The Idea
AI systems learn by finding patterns in large amounts of data. Before a child can understand machine learning, they need a strong intuition for what pattern recognition actually means in practice.
This activity takes that idea and makes it physical. Children gather objects, identify what makes things similar or different, sort them into groups, and eventually try to predict which “group” a new object belongs to — which is exactly what a trained AI classifier does.
Part 1: The Sorting Challenge (10–15 minutes)
Step 1: Gather your objects
Go around the house and collect 15–20 small objects. Variety is good: a coin, a spoon, a LEGO brick, a battery, a pen cap, a button, a small toy, etc. Dump them in a pile in the middle of the table.
Step 2: Sort them — but don’t say how
Tell the child: “Sort these objects into groups. You decide how.”
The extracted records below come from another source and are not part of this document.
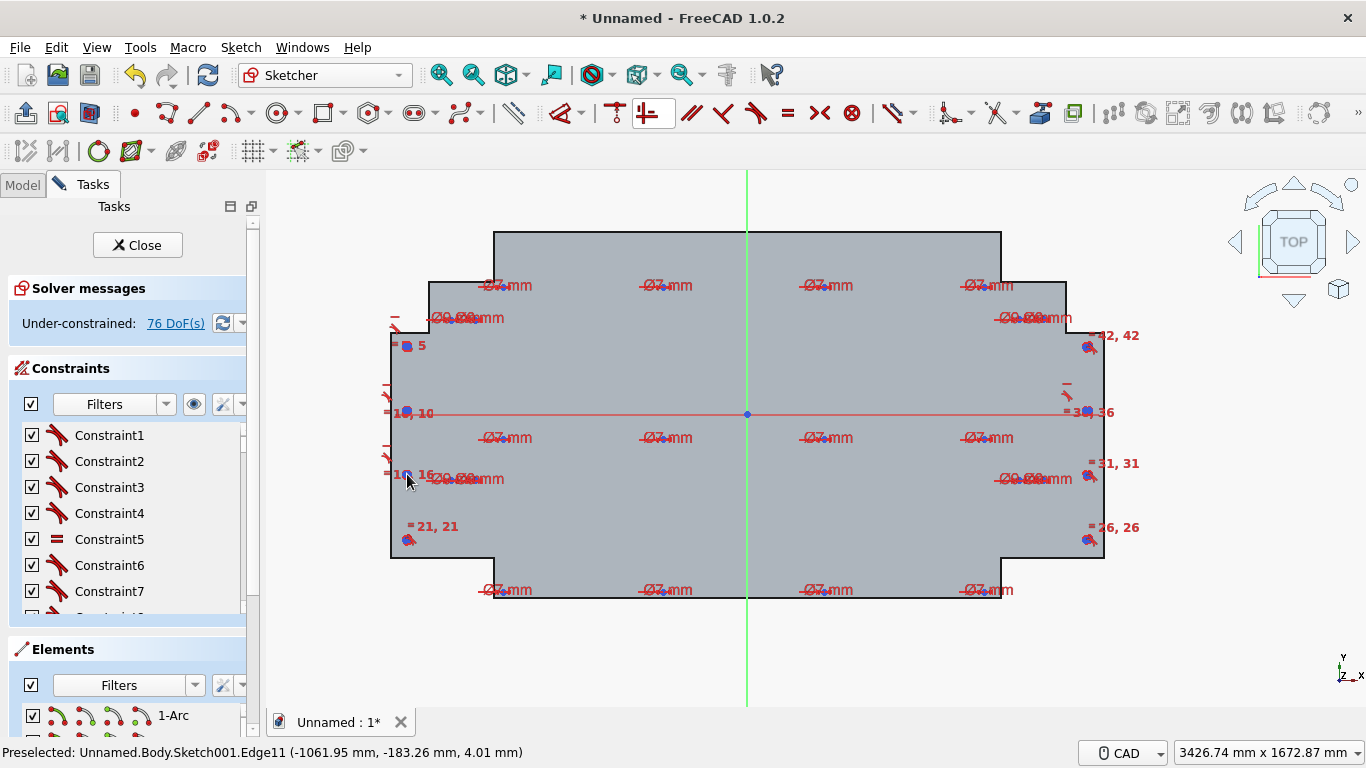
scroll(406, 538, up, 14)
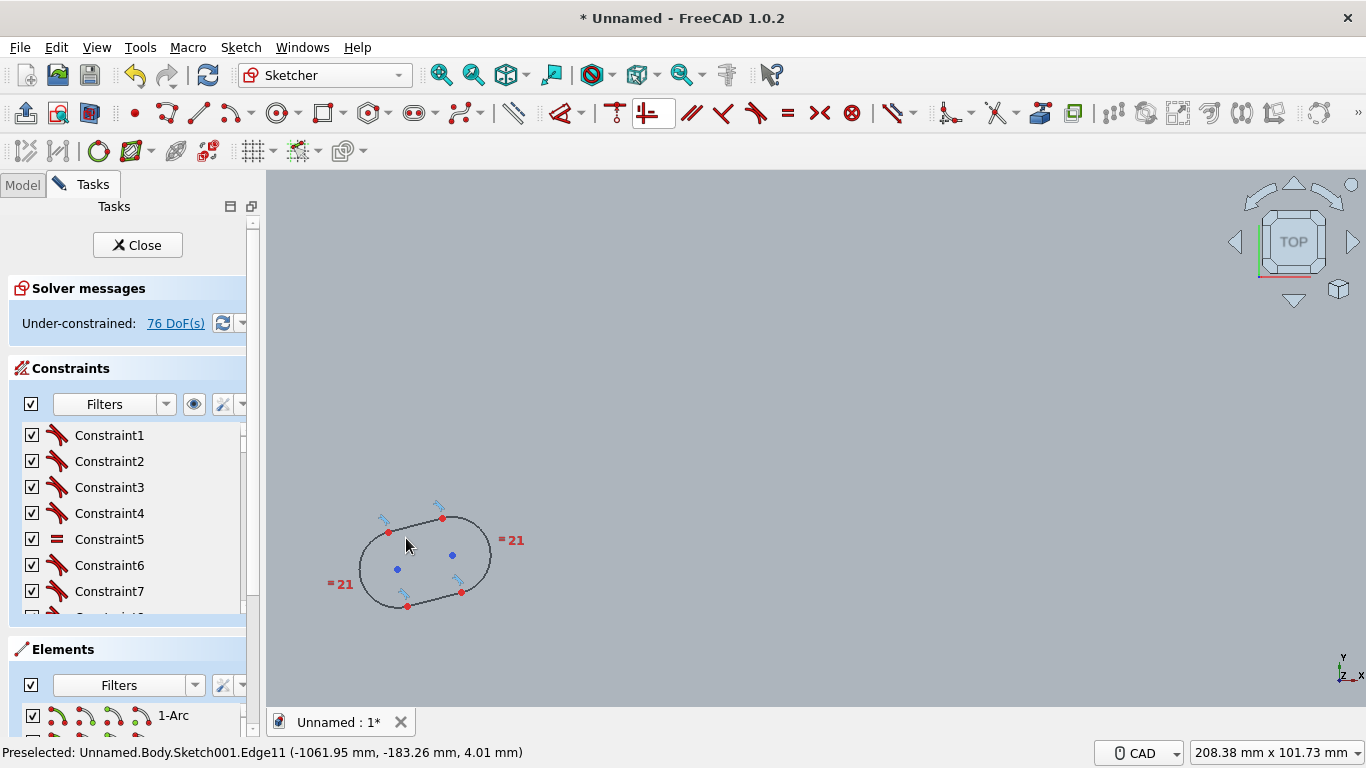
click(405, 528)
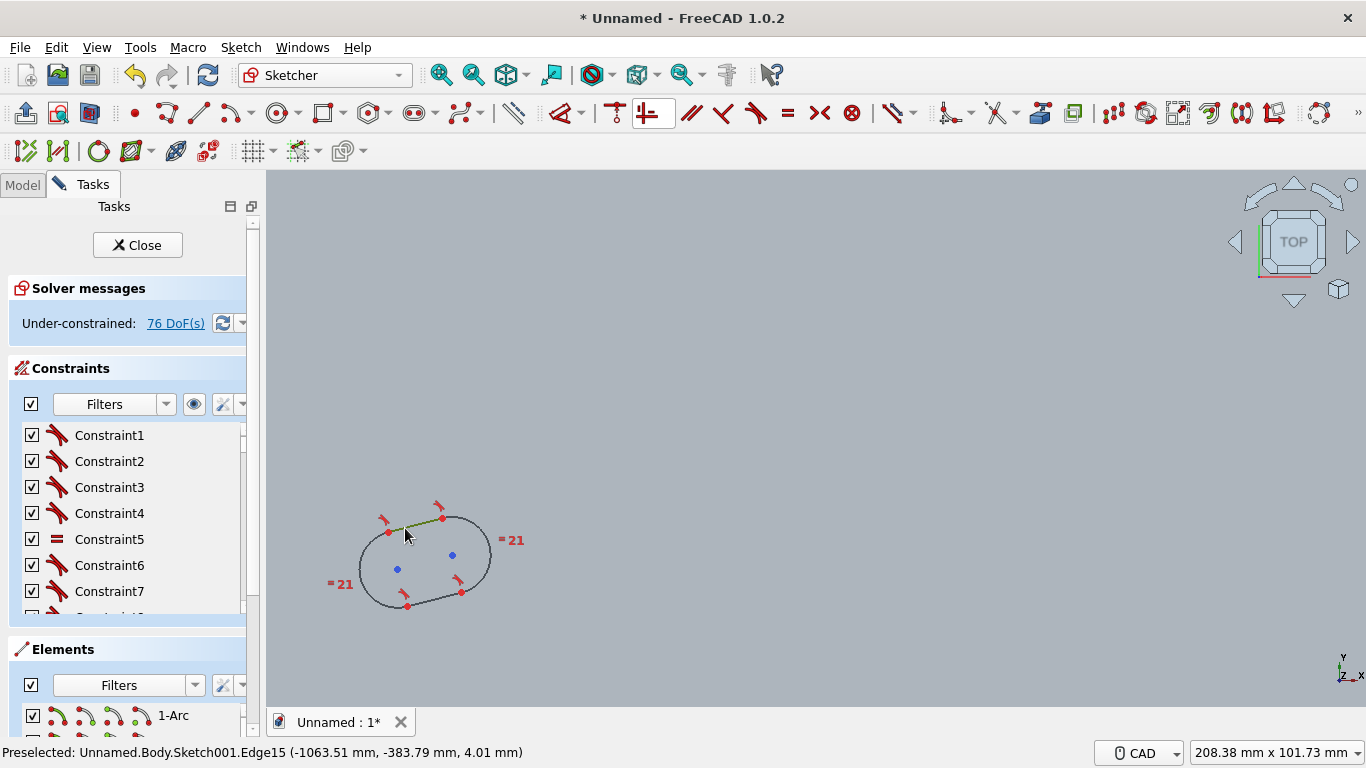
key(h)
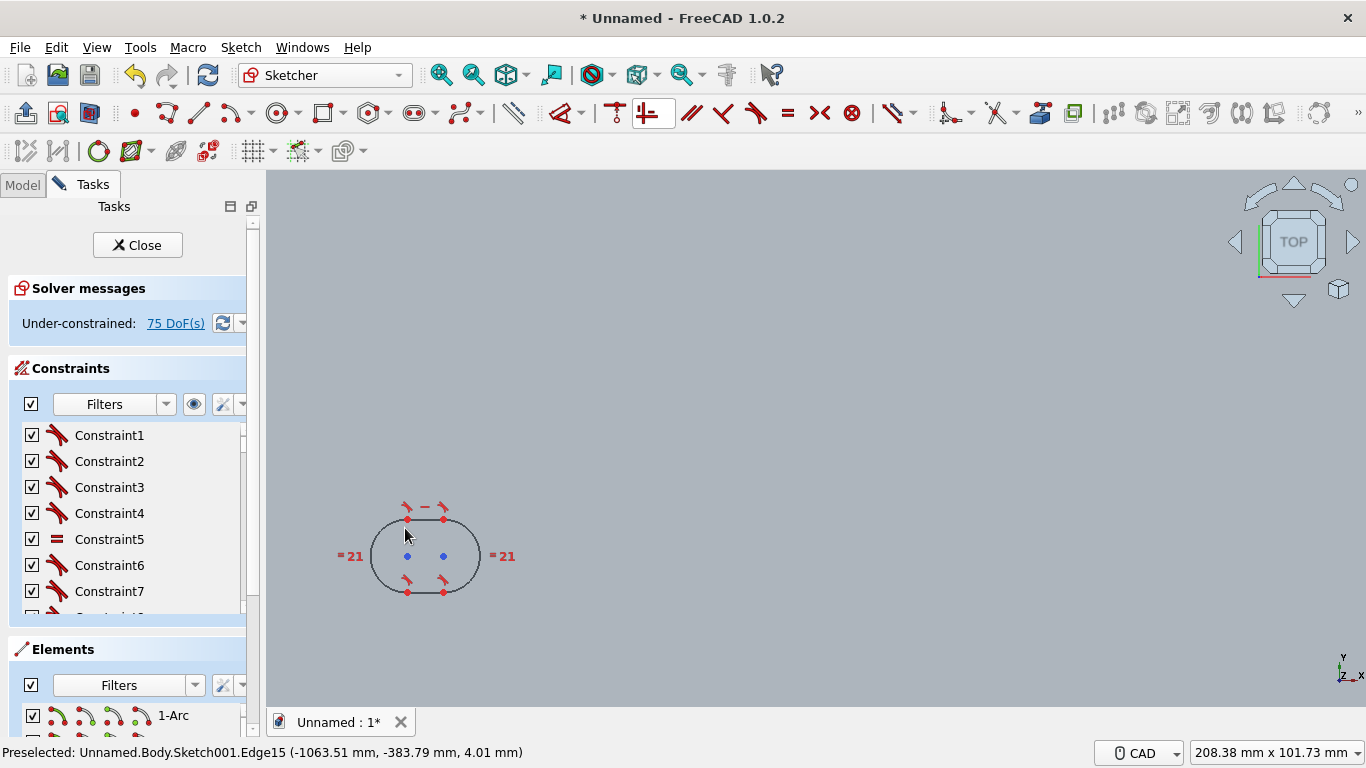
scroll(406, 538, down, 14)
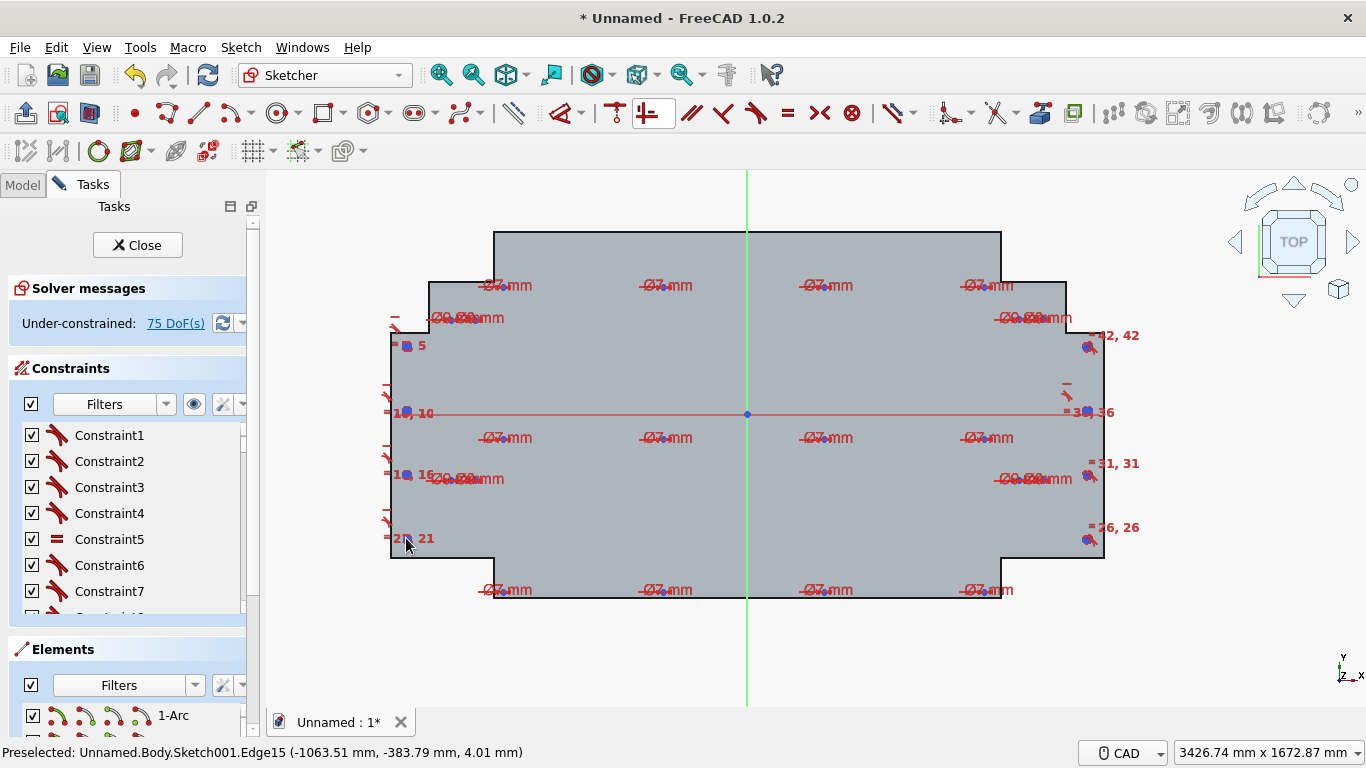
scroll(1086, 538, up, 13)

Don’t tell them what feature to sort by. Let them decide. Common first sorts:
- By color
- By size (big/small)
- By material (metal, plastic, fabric)
- By whether it’s useful or decorative
Ask: “How did you decide which group each one goes in?”
Step 3: Reveal the rules
Once they’ve sorted, ask: “What’s the rule for each group?” Have them write it down on a sticky note. This is their “model” — the set of rules it learned from sorting.
Step 4: The test
Now bring out a new object they haven’t sorted yet. Can they predict which group it belongs in, using their rules?
Ask: “How sure are you? What if it could fit in two groups?”
Part 2: Pattern Sequences (10–15 minutes)
Step 5: Make a sequence
Create a simple pattern with some objects:
- Red button, blue button, red button, blue button, ___
- Spoon, fork, spoon, fork, ___
- Big coin, small coin, small coin, big coin, small coin, small coin, ___
Ask the child to predict what comes next. Then make it harder:
- Two attributes: big red, small blue, big red, small blue, ___
- Three: coin, button, bottle cap, coin, button, ___
Step 6: Make it ambiguous
Create a sequence where more than one answer is reasonable:
- Red, blue, red, blue, red, ___ (blue? Or is it about to change?)
Ask: “What would you guess? How confident are you? What information would make you more sure?”
This is a key moment: real AI systems also make predictions with varying degrees of confidence. When they’re uncertain, they might be wrong.
The AI Connection
Step 7: Make the connection explicit
Talk through what just happened:
“When you sorted those objects, you were acting like a machine learning system. Here’s how:
- The objects are data
- The features you noticed (color, size, material) are what AI calls features or attributes
- The sorting rules you figured out are like a trained model
- When you predicted where the new object belonged, you were making a prediction — just like AI does”
“Now here’s what makes AI different from you: it can look at millions of objects and find patterns you’d never have time to spot. But here’s what makes you different from AI: you understand why the pattern matters. AI just knows the pattern exists.”
Step 8: The tricky part — bias
For children aged 9+, extend the conversation:
“What if all the objects you practiced with were plastic? Would your rules work as well for metal objects? What if most of the red objects in your pile were also small — would your system think ‘red’ and ‘small’ always go together, even if that’s just a coincidence?”
This is the essence of training data bias. If the training data isn’t representative, the model learns the wrong things.
Variations
For younger children (6–7): Focus only on Part 1. Sorting one attribute at a time is enough. Skip the sequences.
For older children (9–10): Add a “test set” they set aside before sorting. After building their sorting rules, apply them to the test set and see how accurate they are. What percentage did they get right?
Competitive version: Two children each sort the same objects using different rules. Then swap — can you figure out the other person’s sorting rules just by looking at how they arranged things? This mirrors how AI interprets patterns without being told the rule.